__Try it__: Return each record shown beneath, word for word.

Recorded data:
Segment Open

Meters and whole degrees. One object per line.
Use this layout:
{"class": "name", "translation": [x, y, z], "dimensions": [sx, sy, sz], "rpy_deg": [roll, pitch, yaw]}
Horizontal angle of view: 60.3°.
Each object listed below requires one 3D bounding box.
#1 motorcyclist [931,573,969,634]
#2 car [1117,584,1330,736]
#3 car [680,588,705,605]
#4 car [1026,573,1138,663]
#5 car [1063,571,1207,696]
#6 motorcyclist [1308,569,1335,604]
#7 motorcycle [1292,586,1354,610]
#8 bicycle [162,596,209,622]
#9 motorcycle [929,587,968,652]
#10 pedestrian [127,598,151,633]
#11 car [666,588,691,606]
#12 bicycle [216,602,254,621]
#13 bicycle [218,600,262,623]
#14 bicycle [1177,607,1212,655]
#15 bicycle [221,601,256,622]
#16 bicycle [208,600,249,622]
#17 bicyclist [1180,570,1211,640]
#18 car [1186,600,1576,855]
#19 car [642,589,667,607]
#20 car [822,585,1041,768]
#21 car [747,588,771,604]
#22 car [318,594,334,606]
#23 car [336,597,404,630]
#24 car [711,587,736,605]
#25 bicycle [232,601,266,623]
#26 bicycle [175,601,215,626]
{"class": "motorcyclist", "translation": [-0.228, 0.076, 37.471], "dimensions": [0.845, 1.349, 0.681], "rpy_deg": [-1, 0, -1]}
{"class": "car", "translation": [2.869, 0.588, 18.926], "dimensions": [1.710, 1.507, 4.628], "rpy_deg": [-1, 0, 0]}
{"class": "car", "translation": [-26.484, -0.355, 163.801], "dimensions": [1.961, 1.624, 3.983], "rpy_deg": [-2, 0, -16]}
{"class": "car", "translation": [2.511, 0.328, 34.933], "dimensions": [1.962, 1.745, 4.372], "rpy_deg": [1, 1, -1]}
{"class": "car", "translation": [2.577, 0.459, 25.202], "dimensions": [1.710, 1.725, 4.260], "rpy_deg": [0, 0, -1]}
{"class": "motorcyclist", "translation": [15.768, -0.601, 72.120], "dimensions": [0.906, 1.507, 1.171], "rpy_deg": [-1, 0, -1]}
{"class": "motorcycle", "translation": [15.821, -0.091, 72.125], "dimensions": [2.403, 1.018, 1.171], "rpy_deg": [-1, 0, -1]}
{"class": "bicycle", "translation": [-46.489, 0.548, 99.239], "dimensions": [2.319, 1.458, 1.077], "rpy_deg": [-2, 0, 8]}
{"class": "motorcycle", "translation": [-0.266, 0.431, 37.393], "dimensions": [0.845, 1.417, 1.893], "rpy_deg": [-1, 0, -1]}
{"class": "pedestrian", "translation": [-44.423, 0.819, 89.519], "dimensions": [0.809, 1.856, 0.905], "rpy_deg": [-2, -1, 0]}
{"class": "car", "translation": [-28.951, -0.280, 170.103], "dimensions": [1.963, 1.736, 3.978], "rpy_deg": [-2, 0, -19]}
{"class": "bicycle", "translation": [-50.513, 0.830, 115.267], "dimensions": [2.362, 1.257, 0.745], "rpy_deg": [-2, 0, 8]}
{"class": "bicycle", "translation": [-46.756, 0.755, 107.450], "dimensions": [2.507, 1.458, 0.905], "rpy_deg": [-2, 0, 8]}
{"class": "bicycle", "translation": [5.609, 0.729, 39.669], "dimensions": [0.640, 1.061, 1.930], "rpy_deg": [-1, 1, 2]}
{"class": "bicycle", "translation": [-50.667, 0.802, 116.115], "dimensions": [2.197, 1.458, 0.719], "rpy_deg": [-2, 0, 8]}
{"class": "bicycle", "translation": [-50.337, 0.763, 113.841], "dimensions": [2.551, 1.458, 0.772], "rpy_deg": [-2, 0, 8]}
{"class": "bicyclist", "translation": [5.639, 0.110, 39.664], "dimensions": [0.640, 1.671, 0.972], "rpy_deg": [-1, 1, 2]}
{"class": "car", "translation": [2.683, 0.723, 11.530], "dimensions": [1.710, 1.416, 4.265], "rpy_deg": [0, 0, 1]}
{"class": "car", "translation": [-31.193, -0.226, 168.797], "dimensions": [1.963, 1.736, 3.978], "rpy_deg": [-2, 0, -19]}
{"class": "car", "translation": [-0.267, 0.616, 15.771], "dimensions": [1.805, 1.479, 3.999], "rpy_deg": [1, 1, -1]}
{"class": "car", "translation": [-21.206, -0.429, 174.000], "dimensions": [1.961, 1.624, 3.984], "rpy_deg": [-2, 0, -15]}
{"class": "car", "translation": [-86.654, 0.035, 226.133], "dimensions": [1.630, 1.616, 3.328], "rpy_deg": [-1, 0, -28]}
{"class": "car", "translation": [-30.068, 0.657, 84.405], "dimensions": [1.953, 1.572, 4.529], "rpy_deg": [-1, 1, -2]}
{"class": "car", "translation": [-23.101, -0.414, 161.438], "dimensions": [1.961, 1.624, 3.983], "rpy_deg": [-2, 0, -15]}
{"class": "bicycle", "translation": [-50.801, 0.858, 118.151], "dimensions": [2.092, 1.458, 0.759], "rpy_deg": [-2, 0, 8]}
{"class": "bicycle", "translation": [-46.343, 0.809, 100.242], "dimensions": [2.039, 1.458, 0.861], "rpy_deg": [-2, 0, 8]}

Segment Closed

__Your solution__:
Meters and whole degrees. One object per line.
Use this layout:
{"class": "name", "translation": [x, y, z], "dimensions": [sx, sy, sz], "rpy_deg": [roll, pitch, yaw]}
Horizontal angle of view: 60.3°.
Each object listed below requires one 3D bounding box.
#1 motorcyclist [931,573,969,634]
#2 car [1117,584,1330,736]
#3 car [680,588,705,605]
#4 car [1026,573,1138,663]
#5 car [1063,571,1207,696]
#6 motorcyclist [1308,569,1335,604]
#7 motorcycle [1292,586,1354,610]
#8 bicycle [162,596,209,622]
#9 motorcycle [929,587,968,652]
#10 pedestrian [127,598,151,633]
#11 car [666,588,691,606]
#12 bicycle [216,602,254,621]
#13 bicycle [218,600,262,623]
#14 bicycle [1177,607,1212,655]
#15 bicycle [221,601,256,622]
#16 bicycle [208,600,249,622]
#17 bicyclist [1180,570,1211,640]
#18 car [1186,600,1576,855]
#19 car [642,589,667,607]
#20 car [822,585,1041,768]
#21 car [747,588,771,604]
#22 car [318,594,334,606]
#23 car [336,597,404,630]
#24 car [711,587,736,605]
#25 bicycle [232,601,266,623]
#26 bicycle [175,601,215,626]
{"class": "motorcyclist", "translation": [-0.228, 0.076, 37.471], "dimensions": [0.845, 1.349, 0.681], "rpy_deg": [-1, 0, -1]}
{"class": "car", "translation": [2.869, 0.588, 18.926], "dimensions": [1.710, 1.507, 4.628], "rpy_deg": [-1, 0, 0]}
{"class": "car", "translation": [-26.484, -0.355, 163.801], "dimensions": [1.961, 1.624, 3.983], "rpy_deg": [-2, 0, -16]}
{"class": "car", "translation": [2.511, 0.328, 34.933], "dimensions": [1.962, 1.745, 4.372], "rpy_deg": [1, 1, -1]}
{"class": "car", "translation": [2.577, 0.459, 25.202], "dimensions": [1.710, 1.725, 4.260], "rpy_deg": [0, 0, -1]}
{"class": "motorcyclist", "translation": [15.768, -0.601, 72.120], "dimensions": [0.906, 1.507, 1.171], "rpy_deg": [-1, 0, -1]}
{"class": "motorcycle", "translation": [15.821, -0.091, 72.125], "dimensions": [2.403, 1.018, 1.171], "rpy_deg": [-1, 0, -1]}
{"class": "bicycle", "translation": [-46.489, 0.548, 99.239], "dimensions": [2.319, 1.458, 1.077], "rpy_deg": [-2, 0, 8]}
{"class": "motorcycle", "translation": [-0.266, 0.431, 37.393], "dimensions": [0.845, 1.417, 1.893], "rpy_deg": [-1, 0, -1]}
{"class": "pedestrian", "translation": [-44.423, 0.819, 89.519], "dimensions": [0.809, 1.856, 0.905], "rpy_deg": [-2, -1, 0]}
{"class": "car", "translation": [-28.951, -0.280, 170.103], "dimensions": [1.963, 1.736, 3.978], "rpy_deg": [-2, 0, -19]}
{"class": "bicycle", "translation": [-50.513, 0.830, 115.267], "dimensions": [2.362, 1.257, 0.745], "rpy_deg": [-2, 0, 8]}
{"class": "bicycle", "translation": [-46.756, 0.755, 107.450], "dimensions": [2.507, 1.458, 0.905], "rpy_deg": [-2, 0, 8]}
{"class": "bicycle", "translation": [5.609, 0.729, 39.669], "dimensions": [0.640, 1.061, 1.930], "rpy_deg": [-1, 1, 2]}
{"class": "bicycle", "translation": [-50.667, 0.802, 116.115], "dimensions": [2.197, 1.458, 0.719], "rpy_deg": [-2, 0, 8]}
{"class": "bicycle", "translation": [-50.337, 0.763, 113.841], "dimensions": [2.551, 1.458, 0.772], "rpy_deg": [-2, 0, 8]}
{"class": "bicyclist", "translation": [5.639, 0.110, 39.664], "dimensions": [0.640, 1.671, 0.972], "rpy_deg": [-1, 1, 2]}
{"class": "car", "translation": [2.683, 0.723, 11.530], "dimensions": [1.710, 1.416, 4.265], "rpy_deg": [0, 0, 1]}
{"class": "car", "translation": [-31.193, -0.226, 168.797], "dimensions": [1.963, 1.736, 3.978], "rpy_deg": [-2, 0, -19]}
{"class": "car", "translation": [-0.267, 0.616, 15.771], "dimensions": [1.805, 1.479, 3.999], "rpy_deg": [1, 1, -1]}
{"class": "car", "translation": [-21.206, -0.429, 174.000], "dimensions": [1.961, 1.624, 3.984], "rpy_deg": [-2, 0, -15]}
{"class": "car", "translation": [-86.654, 0.035, 226.133], "dimensions": [1.630, 1.616, 3.328], "rpy_deg": [-1, 0, -28]}
{"class": "car", "translation": [-30.068, 0.657, 84.405], "dimensions": [1.953, 1.572, 4.529], "rpy_deg": [-1, 1, -2]}
{"class": "car", "translation": [-23.101, -0.414, 161.438], "dimensions": [1.961, 1.624, 3.983], "rpy_deg": [-2, 0, -15]}
{"class": "bicycle", "translation": [-50.801, 0.858, 118.151], "dimensions": [2.092, 1.458, 0.759], "rpy_deg": [-2, 0, 8]}
{"class": "bicycle", "translation": [-46.343, 0.809, 100.242], "dimensions": [2.039, 1.458, 0.861], "rpy_deg": [-2, 0, 8]}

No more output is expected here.